Hypothesis A (guests at ski areas assigned to implement Go Sun Smart would engage in more sun protection than guests at ski areas in the control group) was tested by comparing the intervention and the control groups on the sun-protection outcome measures at the individual level nested within ski areas. Hypothesis B (guests with more exposure to Go Sun Smart would (1) engage in more sun protection and (2) express more favorable attitudes toward sun safety than guests with less exposure to Go Sun Smart) was first tested by examining the association of implementation scores with sun-protection outcomes.
Next, guests’ recall of sun-protection messages and sun-protection outcome measures was examined within both experimental conditions by evaluating the interaction between the experimental group and message recall. Comparisons were examined using a mixed-effects model,24,30
which is a variation of hierarchical linear modeling,31
and adjusting for the association among guests within ski areas (measured by the intraclass correlation)—which, when non-zero, inflates the variance among individuals beyond that estimated by traditional analysis methods and Type-I error (i.e., tests of significance are too liberal).32,33
The Statistical Analysis System (SAS), using the PROC MIXED program, was employed.34
Analyses included pairs to account for the effect of matching. Eighteen covariates were analyzed (days since November 1; time started skiing; cloud cover; wind; precipitation; temperature; proportion of days skied this season; expertise; local or destination guest; equipment; contamination [visit to intervention ski area]; skin sun-sensitivity; race—white/all others; sensation-seeking; skepticism; age; education; and gender), using backwards stepwise elimination (p
<0.05 criterion for retention). Significant covariates related to each outcome were included in the regression analysis. Outcome data were not transformed prior to analysis. Models employed casewise deletion of missing values on the outcome or covariates (due to item non-response). A p
-value of 0.05 was used to evaluate models, unadjusted for multiple comparisons.

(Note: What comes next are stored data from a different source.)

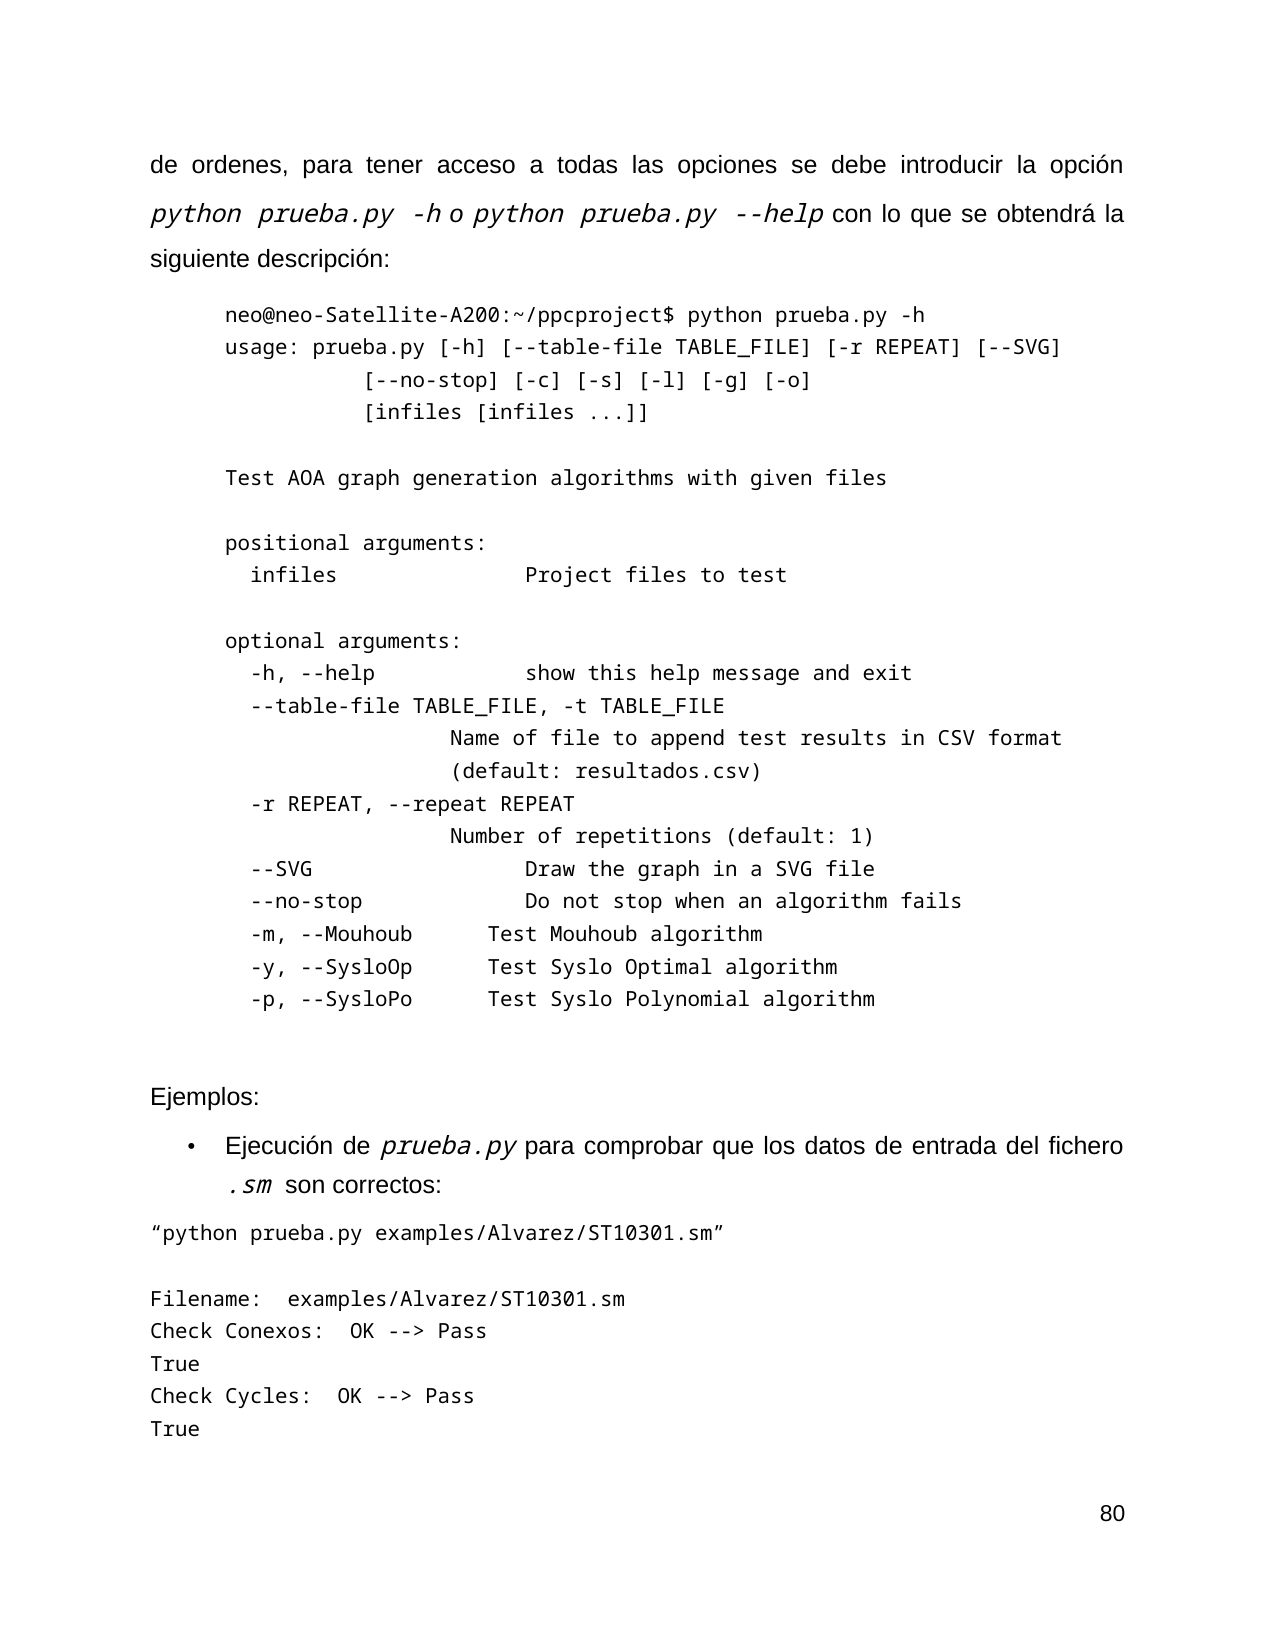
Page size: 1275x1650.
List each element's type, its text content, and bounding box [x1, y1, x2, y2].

text --table-file TABLE_FILE, -t TABLE_FILE [150, 691, 1125, 719]
text positional arguments: [150, 528, 1125, 556]
text --no-stop Do not stop when an algorithm fails [150, 887, 1125, 915]
text infiles Project files to test [150, 561, 1125, 589]
text Filename: examples/Alvarez/ST10301.sm [150, 1284, 1125, 1312]
text [--no-stop] [-c] [-s] [-l] [-g] [-o] [150, 365, 1125, 393]
text [infiles [infiles ...]] [150, 397, 1125, 426]
text Name of file to append test results in CSV format [150, 723, 1125, 752]
text usage: prueba.py [-h] [--table-file TABLE_FILE] [-r REPEAT] [--SVG] [150, 332, 1125, 361]
text -r REPEAT, --repeat REPEAT [150, 789, 1125, 817]
text Check Conexos: OK --> Pass [150, 1316, 1125, 1345]
text -y, --SysloOp Test Syslo Optimal algorithm [150, 952, 1125, 980]
text Test AOA graph generation algorithms with given files [150, 463, 1125, 491]
list Ejecución de prueba.py para comprobar que los datos de entrada del fichero .sm son correctos: [187, 1128, 1125, 1201]
text neo@neo-Satellite-A200:~/ppcproject$ python prueba.py -h [150, 300, 1125, 328]
text optional arguments: [150, 626, 1125, 654]
text “python prueba.py examples/Alvarez/ST10301.sm” [150, 1218, 1125, 1247]
text Ejemplos: [150, 1082, 1125, 1111]
text -m, --Mouhoub Test Mouhoub algorithm [150, 919, 1125, 948]
text -h, --help show this help message and exit [150, 658, 1125, 687]
text (default: resultados.csv) [150, 756, 1125, 784]
text True [150, 1349, 1125, 1377]
text True [150, 1414, 1125, 1443]
text Number of repetitions (default: 1) [150, 821, 1125, 850]
text -p, --SysloPo Test Syslo Polynomial algorithm [150, 984, 1125, 1013]
text de ordenes, para tener acceso a todas las opciones se debe introducir la opción python prueba.py -h o python prueba.py --help con lo que se obtendrá la siguiente descripción: [150, 150, 1125, 273]
text --SVG Draw the graph in a SVG file [150, 854, 1125, 882]
text Check Cycles: OK --> Pass [150, 1382, 1125, 1410]
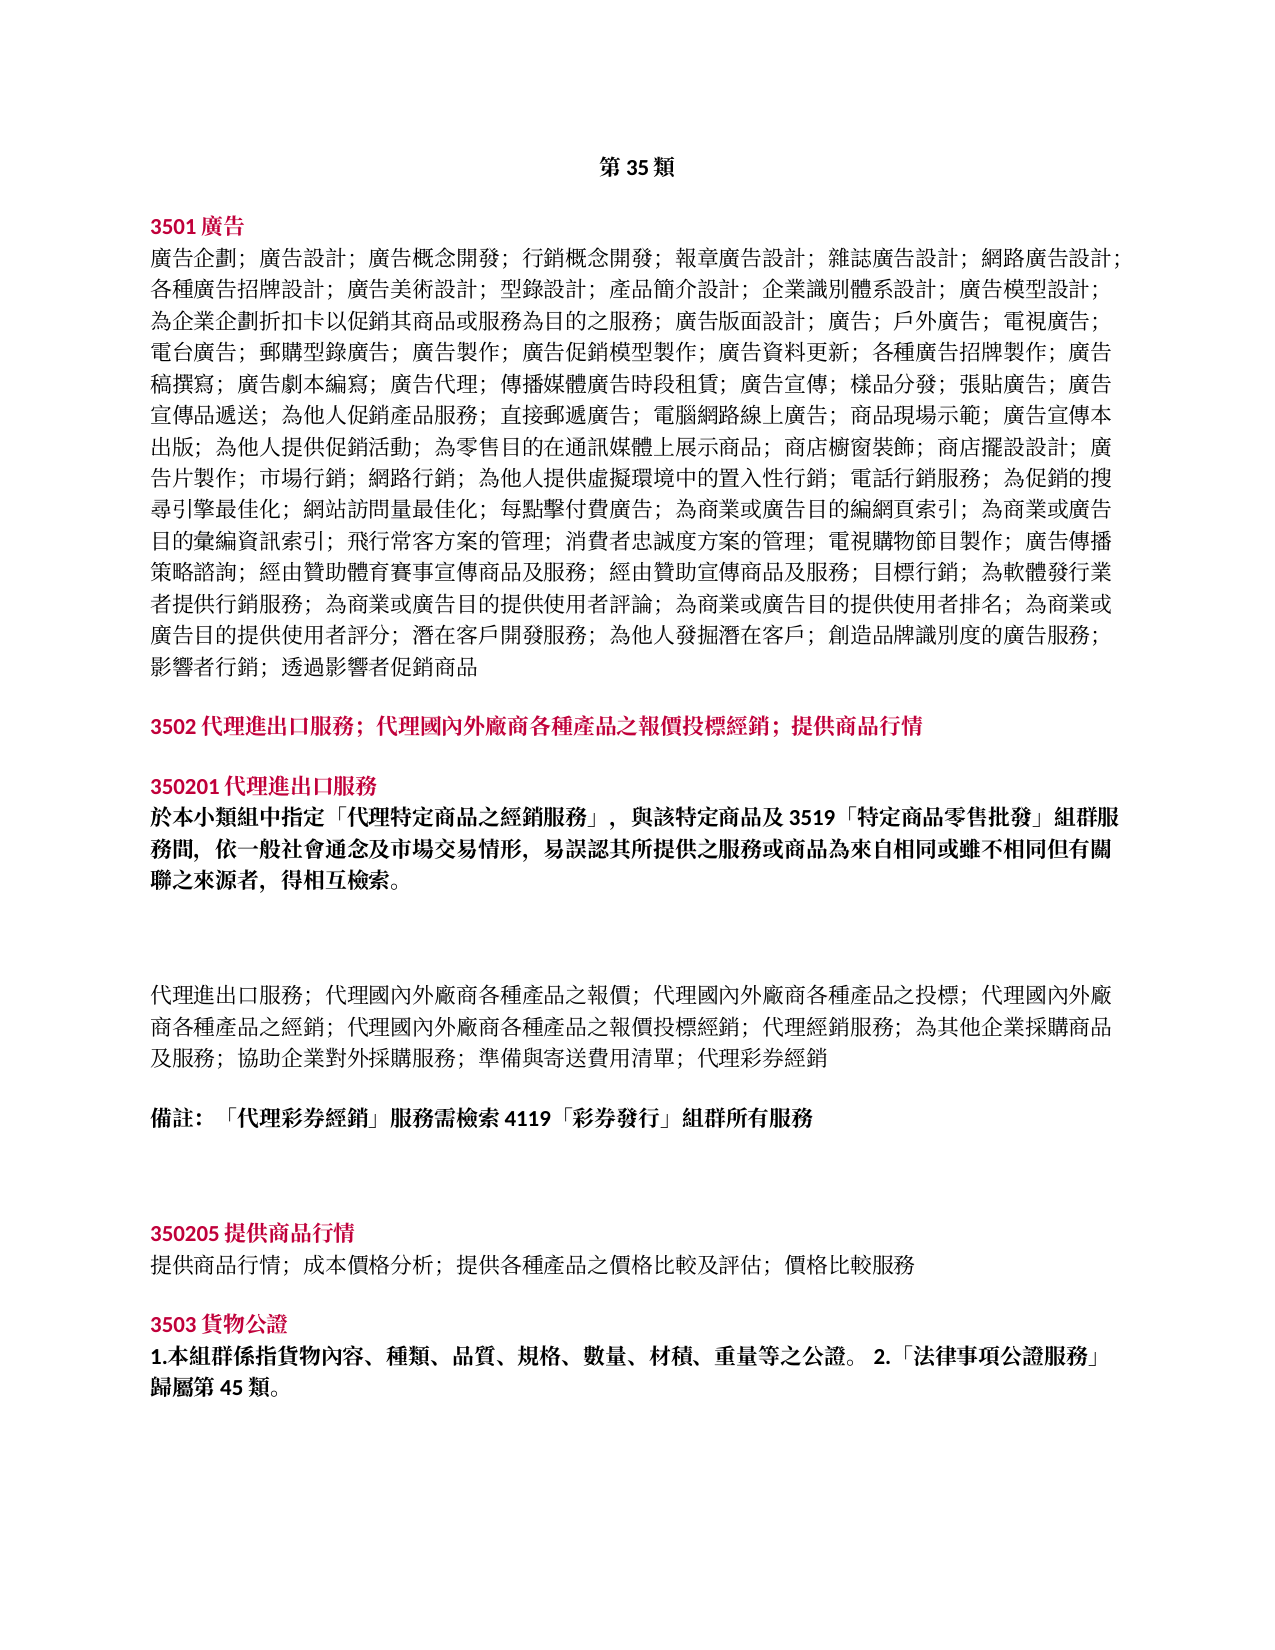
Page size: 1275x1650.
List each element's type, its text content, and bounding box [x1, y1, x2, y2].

text 350205提供商品行情 [150, 1189, 1125, 1248]
text 代理進出口服務；代理國內外廠商各種產品之報價；代理國內外廠商各種產品之投標；代理國內外廠商各種產品之經銷；代理國內外廠商各種產品之報價投標經銷；代理經銷服務；為其他企業採購商品及服務；協助企業對外採購服務；準備與寄送費用清單；代理彩券經銷 [150, 951, 1125, 1073]
text 廣告企劃；廣告設計；廣告概念開發；行銷概念開發；報章廣告設計；雜誌廣告設計；網路廣告設計；各種廣告招牌設計；廣告美術設計；型錄設計；產品簡介設計；企業識別體系設計；廣告模型設計；為企業企劃折扣卡以促銷其商品或服務為目的之服務；廣告版面設計；廣告；戶外廣告；電視廣告；電台廣告；郵購型錄廣告；廣告製作；廣告促銷模型製作；廣告資料更新；各種廣告招牌製作；廣告稿撰寫；廣告劇本編寫；廣告代理；傳播媒體廣告時段租賃；廣告宣傳；樣品分發；張貼廣告；廣告宣傳品遞送；為他人促銷產品服務；直接郵遞廣告；電腦網路線上廣告；商品現場示範；廣告宣傳本出版；為他人提供促銷活動；為零售目的在通訊媒體上展示商品；商店櫥窗裝飾；商店擺設設計；廣告片製作；市場行銷；網路行銷；為他人提供虛擬環境中的置入性行銷；電話行銷服務；為促銷的搜尋引擎最佳化；網站訪問量最佳化；每點擊付費廣告；為商業或廣告目的編網頁索引；為商業或廣告目的彙編資訊索引；飛行常客方案的管理；消費者忠誠度方案的管理；電視購物節目製作；廣告傳播策略諮詢；經由贊助體育賽事宣傳商品及服務；經由贊助宣傳商品及服務；目標行銷；為軟體發行業者提供行銷服務；為商業或廣告目的提供使用者評論；為商業或廣告目的提供使用者排名；為商業或廣告目的提供使用者評分；潛在客戶開發服務；為他人發掘潛在客戶；創造品牌識別度的廣告服務；影響者行銷；透過影響者促銷商品 [150, 241, 1125, 681]
text 350201代理進出口服務 [150, 741, 1125, 800]
text 3503貨物公證 [150, 1279, 1125, 1339]
text 於本小類組中指定「代理特定商品之經銷服務」，與該特定商品及3519「特定商品零售批發」組群服務間，依一般社會通念及市場交易情形，易誤認其所提供之服務或商品為來自相同或雖不相同但有關聯之來源者，得相互檢索。 [150, 800, 1125, 951]
text 3502代理進出口服務；代理國內外廠商各種產品之報價投標經銷；提供商品行情 [150, 681, 1125, 741]
text 提供商品行情；成本價格分析；提供各種產品之價格比較及評估；價格比較服務 [150, 1248, 1125, 1279]
text [150, 1458, 1125, 1486]
text 備註：「代理彩券經銷」服務需檢索4119「彩券發行」組群所有服務 [150, 1073, 1125, 1189]
text 1.本組群係指貨物內容、種類、品質、規格、數量、材積、重量等之公證。 2.「法律事項公證服務」歸屬第45類。 [150, 1339, 1125, 1458]
text 第35類 [150, 150, 1125, 181]
text 3501廣告 [150, 181, 1125, 241]
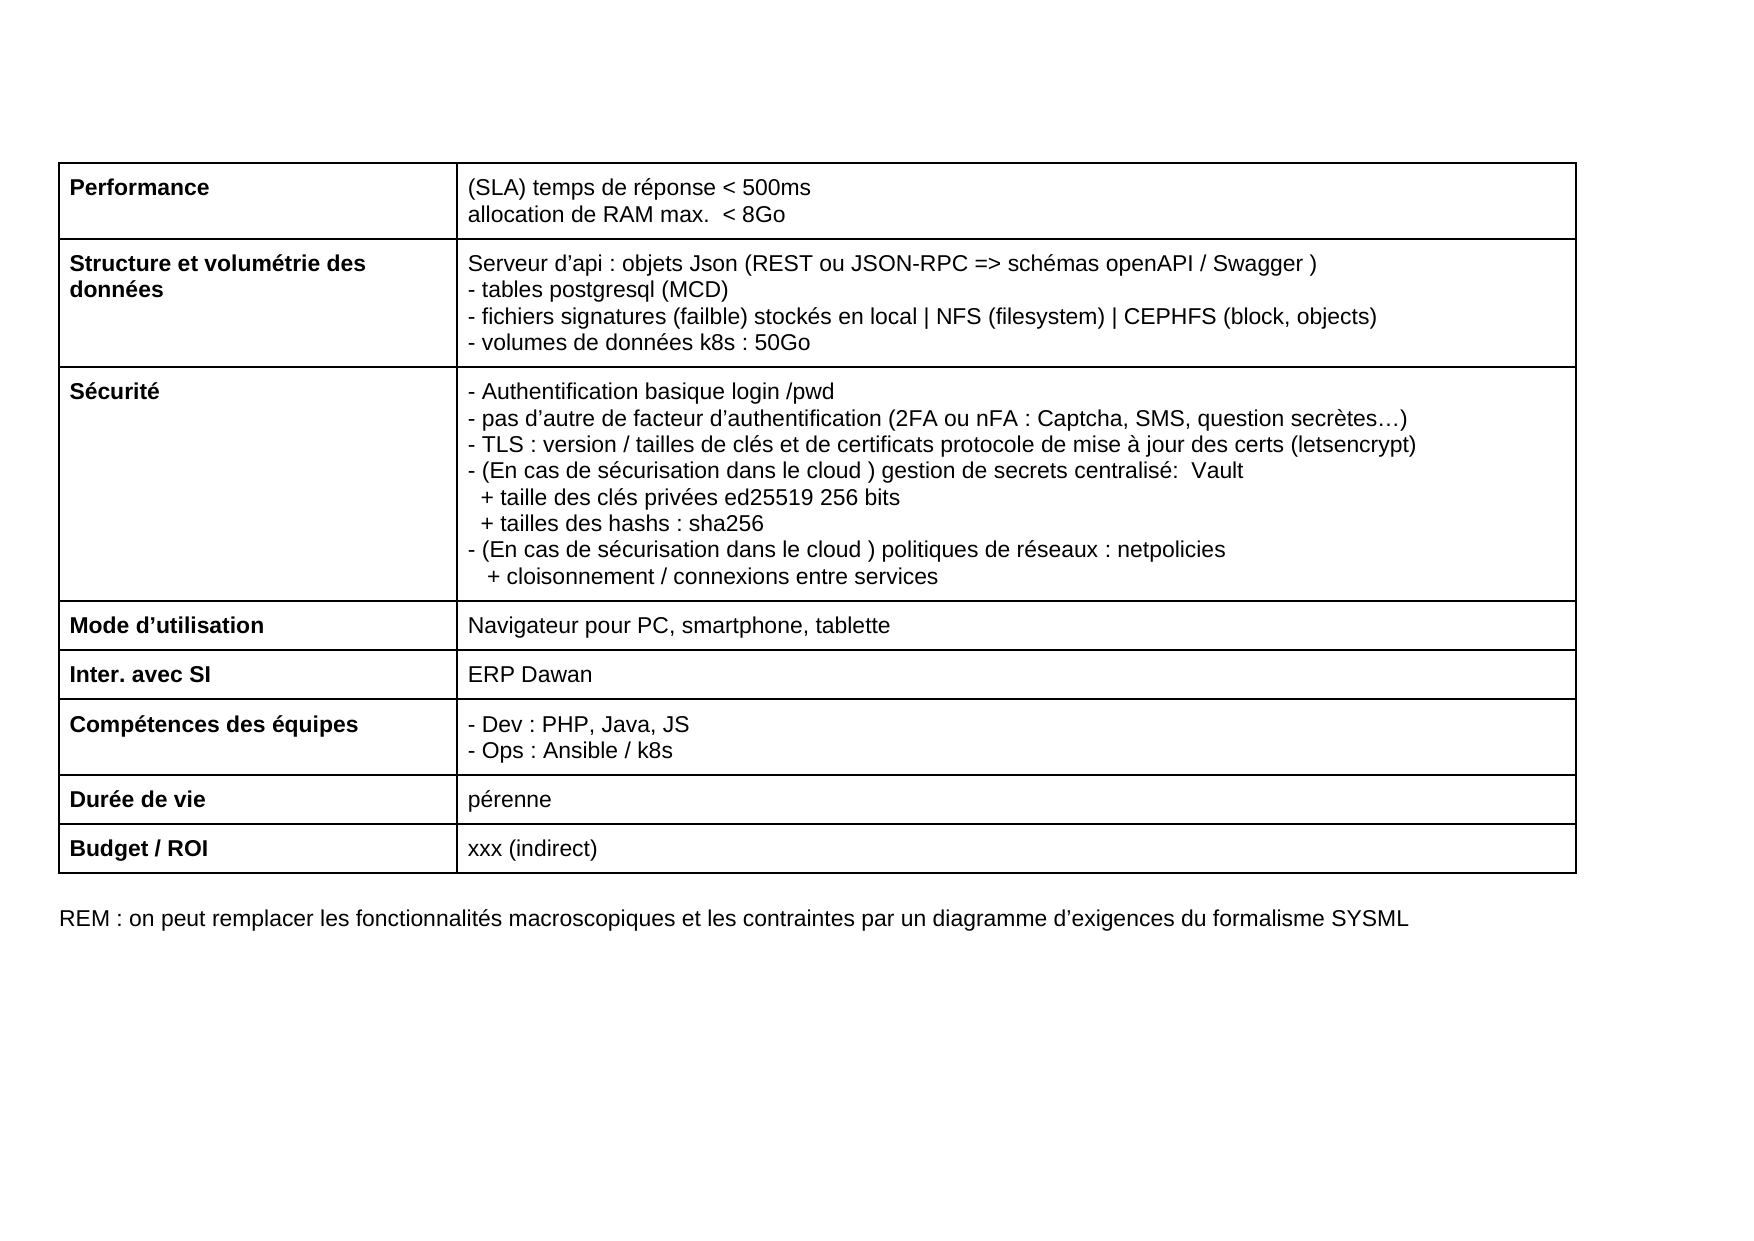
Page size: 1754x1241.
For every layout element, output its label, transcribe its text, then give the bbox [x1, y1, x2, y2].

table_cell Inter. avec SI [60, 651, 456, 698]
text REM : on peut remplacer les fonctionnalités macroscopiques et les contraintes par un diagramme d’exigences du formalisme SYSML [59, 904, 1695, 931]
table_cell Mode d’utilisation [60, 602, 456, 649]
table_cell Structure et volumétrie des données [60, 240, 456, 366]
table_cell - Dev : PHP, Java, JS - Ops : Ansible / k8s [458, 700, 1575, 774]
table_cell pérenne [458, 776, 1575, 823]
table_cell Performance [60, 164, 456, 237]
table_cell Compétences des équipes [60, 700, 456, 774]
table_cell Durée de vie [60, 776, 456, 823]
table_cell Budget / ROI [60, 825, 456, 872]
table_cell xxx (indirect) [458, 825, 1575, 872]
table_cell Serveur d’api : objets Json (REST ou JSON-RPC => schémas openAPI / Swagger ) - tables postgresql (MCD) - fichiers signatures (failble) stockés en local | NFS (filesystem) | CEPHFS (block, objects) - volumes de données k8s : 50Go [458, 240, 1575, 366]
table_cell Sécurité [60, 368, 456, 599]
table_cell Navigateur pour PC, smartphone, tablette [458, 602, 1575, 649]
table_cell (SLA) temps de réponse < 500ms allocation de RAM max. < 8Go [458, 164, 1575, 237]
table_cell ERP Dawan [458, 651, 1575, 698]
table_cell - Authentification basique login /pwd - pas d’autre de facteur d’authentification (2FA ou nFA : Captcha, SMS, question secrètes…) - TLS : version / tailles de clés et de certificats protocole de mise à jour des certs (letsencrypt) - (En cas de sécurisation dans le cloud ) gestion de secrets centralisé: Vault + taille des clés privées ed25519 256 bits + tailles des hashs : sha256 - (En cas de sécurisation dans le cloud ) politiques de réseaux : netpolicies + cloisonnement / connexions entre services [458, 368, 1575, 599]

Guests were a secondary target population; Go Sun Smart was expected to have a weaker effect on them than on employees (the primary target), and the study was not primarily designed to analyze guests. Hence, adjustments that would reduce statistical power (e.g., Bonferroni correction) were avoided, because there is an increased risk of Type-I error, and p-values were stated to permit readers to assess differences with their preferred correction methods. Adjusted proportions and means are reported.